Martin Heidegger is the moral compass for the new ecumenical age. He’s the philosopher who sold-out Edmund Husserl to Nazism but called it something other than betrayal and iniquity. Voegelin professed that the rise of violent cult ideologies like Nazism was the world’s spiritual pathology. He couldn’t see the connection between Christianity and Marxism and this makes him as foolish as Friedrich Nietzsche, last century’s moral guide for egocentricity and nihilism. Nietzsche’s school of thought helped produce all sorts of obnoxious beliefs, including Fascism and Nazism. But that’s the thing about religion and philosophy, they don’t take any responsibility for the ideas they spread. And if anything goes wrong, it’s never their fault.
Religion promotes the herd instinct and the herd instinct promotes religion
In The Little Book of Atheist Spirituality, André Comte-Sponville, asks the question, “What would the Western world be without Christianity?” He poses it as if to say we could have done worse.

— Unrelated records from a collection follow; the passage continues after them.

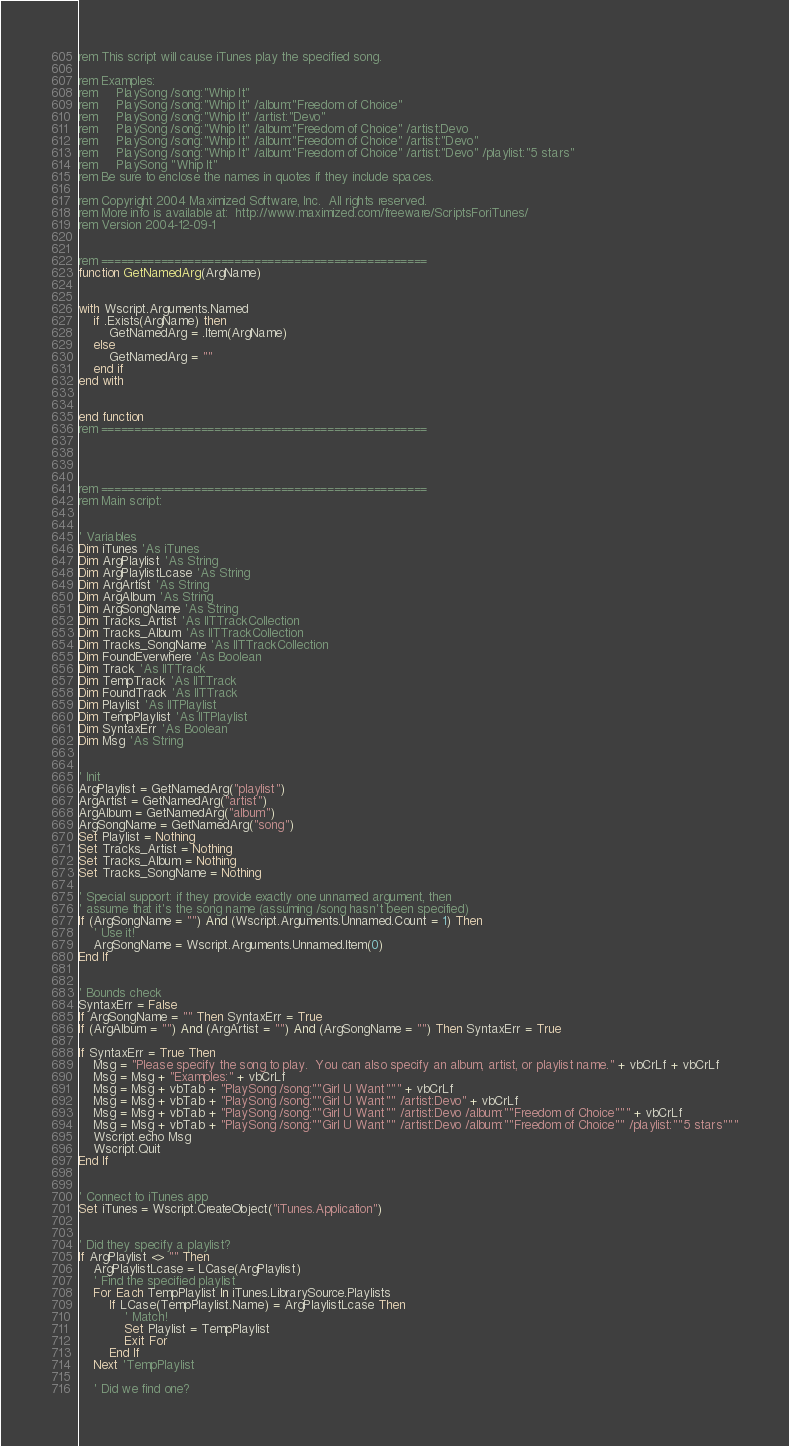Convert code to text. <code><loc_0><loc_0><loc_500><loc_500><_VisualBasic_>rem This script will cause iTunes play the specified song.

rem Examples:
rem	    PlaySong /song:"Whip It"
rem	    PlaySong /song:"Whip It" /album:"Freedom of Choice"
rem	    PlaySong /song:"Whip It" /artist:"Devo"
rem	    PlaySong /song:"Whip It" /album:"Freedom of Choice" /artist:Devo
rem	    PlaySong /song:"Whip It" /album:"Freedom of Choice" /artist:"Devo"
rem	    PlaySong /song:"Whip It" /album:"Freedom of Choice" /artist:"Devo" /playlist:"5 stars"
rem		PlaySong "Whip It"
rem Be sure to enclose the names in quotes if they include spaces.

rem Copyright 2004 Maximized Software, Inc.  All rights reserved.
rem More info is available at:  http://www.maximized.com/freeware/ScriptsForiTunes/
rem Version 2004-12-09-1


rem =================================================
function GetNamedArg(ArgName)


with Wscript.Arguments.Named
	if .Exists(ArgName) then
		GetNamedArg = .Item(ArgName)
	else
		GetNamedArg = ""
	end if
end with


end function
rem =================================================




rem =================================================
rem Main script:


' Variables
Dim iTunes 'As iTunes
Dim ArgPlaylist 'As String
Dim ArgPlaylistLcase 'As String
Dim ArgArtist 'As String
Dim ArgAlbum 'As String
Dim ArgSongName 'As String
Dim Tracks_Artist 'As IITTrackCollection
Dim Tracks_Album 'As IITTrackCollection
Dim Tracks_SongName 'As IITTrackCollection
Dim FoundEverwhere 'As Boolean
Dim Track 'As IITTrack
Dim TempTrack 'As IITTrack
Dim FoundTrack 'As IITTrack
Dim Playlist 'As IITPlaylist
Dim TempPlaylist 'As IITPlaylist
Dim SyntaxErr 'As Boolean
Dim Msg 'As String


' Init
ArgPlaylist = GetNamedArg("playlist")
ArgArtist = GetNamedArg("artist")
ArgAlbum = GetNamedArg("album")
ArgSongName = GetNamedArg("song")
Set Playlist = Nothing
Set Tracks_Artist = Nothing
Set Tracks_Album = Nothing
Set Tracks_SongName = Nothing

' Special support: if they provide exactly one unnamed argument, then
' assume that it's the song name (assuming /song hasn't been specified)
If (ArgSongName = "") And (Wscript.Arguments.Unnamed.Count = 1) Then
	' Use it!
	ArgSongName = Wscript.Arguments.Unnamed.Item(0)
End If


' Bounds check
SyntaxErr = False
If ArgSongName = "" Then SyntaxErr = True
If (ArgAlbum = "") And (ArgArtist = "") And (ArgSongName = "") Then SyntaxErr = True

If SyntaxErr = True Then
    Msg = "Please specify the song to play.  You can also specify an album, artist, or playlist name." + vbCrLf + vbCrLf
	Msg = Msg + "Examples:" + vbCrLf
	Msg = Msg + vbTab + "PlaySong /song:""Girl U Want""" + vbCrLf
	Msg = Msg + vbTab + "PlaySong /song:""Girl U Want"" /artist:Devo" + vbCrLf
	Msg = Msg + vbTab + "PlaySong /song:""Girl U Want"" /artist:Devo /album:""Freedom of Choice""" + vbCrLf
	Msg = Msg + vbTab + "PlaySong /song:""Girl U Want"" /artist:Devo /album:""Freedom of Choice"" /playlist:""5 stars"""
    Wscript.echo Msg
    Wscript.Quit
End If


' Connect to iTunes app
Set iTunes = Wscript.CreateObject("iTunes.Application")


' Did they specify a playlist?
If ArgPlaylist <> "" Then
    ArgPlaylistLcase = LCase(ArgPlaylist)
    ' Find the specified playlist
    For Each TempPlaylist In iTunes.LibrarySource.Playlists
        If LCase(TempPlaylist.Name) = ArgPlaylistLcase Then
            ' Match!
            Set Playlist = TempPlaylist
            Exit For
        End If
    Next 'TempPlaylist

    ' Did we find one?</code> 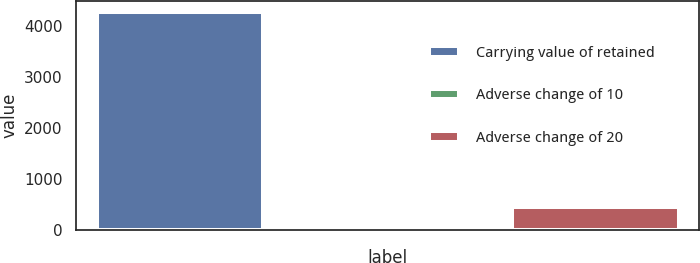Convert chart to OTSL. <chart><loc_0><loc_0><loc_500><loc_500><bar_chart><fcel>Carrying value of retained<fcel>Adverse change of 10<fcel>Adverse change of 20<nl><fcel>4261<fcel>30<fcel>453.1<nl></chart> 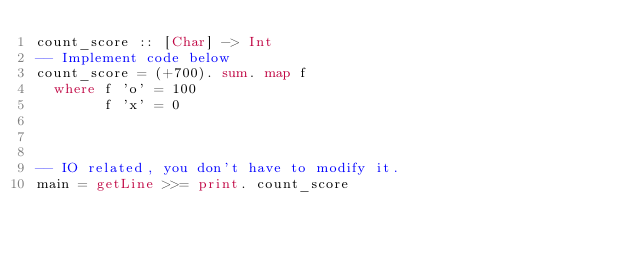<code> <loc_0><loc_0><loc_500><loc_500><_Haskell_>count_score :: [Char] -> Int
-- Implement code below
count_score = (+700). sum. map f
  where f 'o' = 100
        f 'x' = 0



-- IO related, you don't have to modify it.
main = getLine >>= print. count_score
</code> 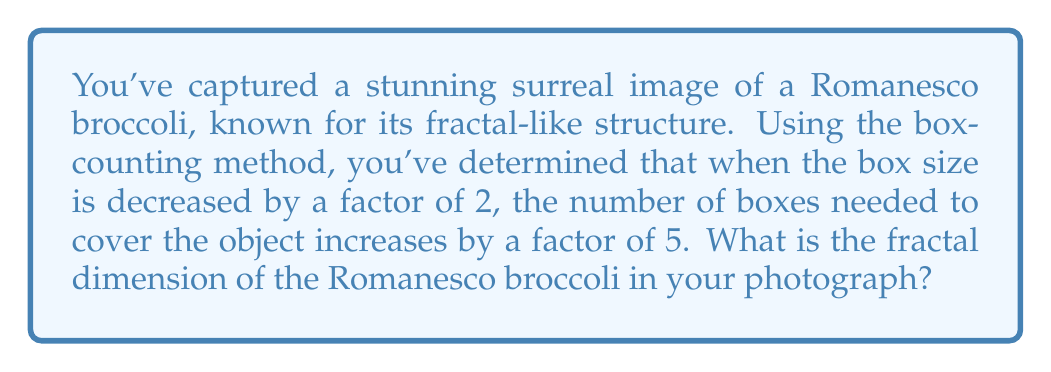Give your solution to this math problem. To determine the fractal dimension using the box-counting method, we follow these steps:

1. Let's define our variables:
   $r$ = scaling factor (ratio of box sizes)
   $N$ = ratio of number of boxes

2. In this case:
   $r = \frac{1}{2}$ (box size decreased by factor of 2)
   $N = 5$ (number of boxes increased by factor of 5)

3. The fractal dimension $D$ is given by the formula:

   $$D = \frac{\log N}{\log(\frac{1}{r})}$$

4. Substituting our values:

   $$D = \frac{\log 5}{\log(\frac{1}{\frac{1}{2}})} = \frac{\log 5}{\log 2}$$

5. Calculate:
   $$D = \frac{\log 5}{\log 2} \approx 2.3219$$

6. Round to two decimal places:
   $$D \approx 2.32$$

This fractal dimension indicates that the Romanesco broccoli in your photograph has a complexity between a 2D surface and a 3D object, which is characteristic of many natural fractals.
Answer: 2.32 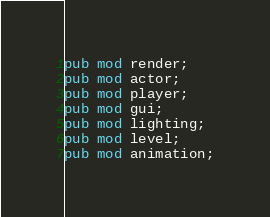Convert code to text. <code><loc_0><loc_0><loc_500><loc_500><_Rust_>pub mod render;
pub mod actor;
pub mod player;
pub mod gui;
pub mod lighting;
pub mod level;
pub mod animation;</code>

Without Christianity the Western world would be an exceedingly better place. It’s a Platonic sun-religion preoccupied with otherworldliness. Given their views on sex, there’s a chance that the world wouldn’t be so overpopulated, thus the threat of global warming would be lessened . . . a good opportunity exists also that there would have been no Dark Ages so the industrial revolution would have occurred much sooner . . . no anti-Semitism, so robbed of their scapegoat, no Nazism. There’s an even better gamble that there would have been no Marxism (since the two systems are based in the same marginal ethics of selflessness) and therefore no enormous figures of democide in the 19th century; no Joseph Smith, so no racist Evangelistic cults in America; no Catholic church, so imagine tens of thousands of educated young through the centuries unbroken by sexual predators; no forced conversion of native peoples; no Catholic Protestant wars of intolerance; no afterworld forgiveness-clause for life’s mismanagers . . . the list is seemingly endless, but most importantly, without Christianity there would have been no vehicle to carry Platonism and Neo-Platonism into the post-industrial centuries. Humankind could have embraced modernity without the psychological handicap of an altruistic anti-libertarian mentality.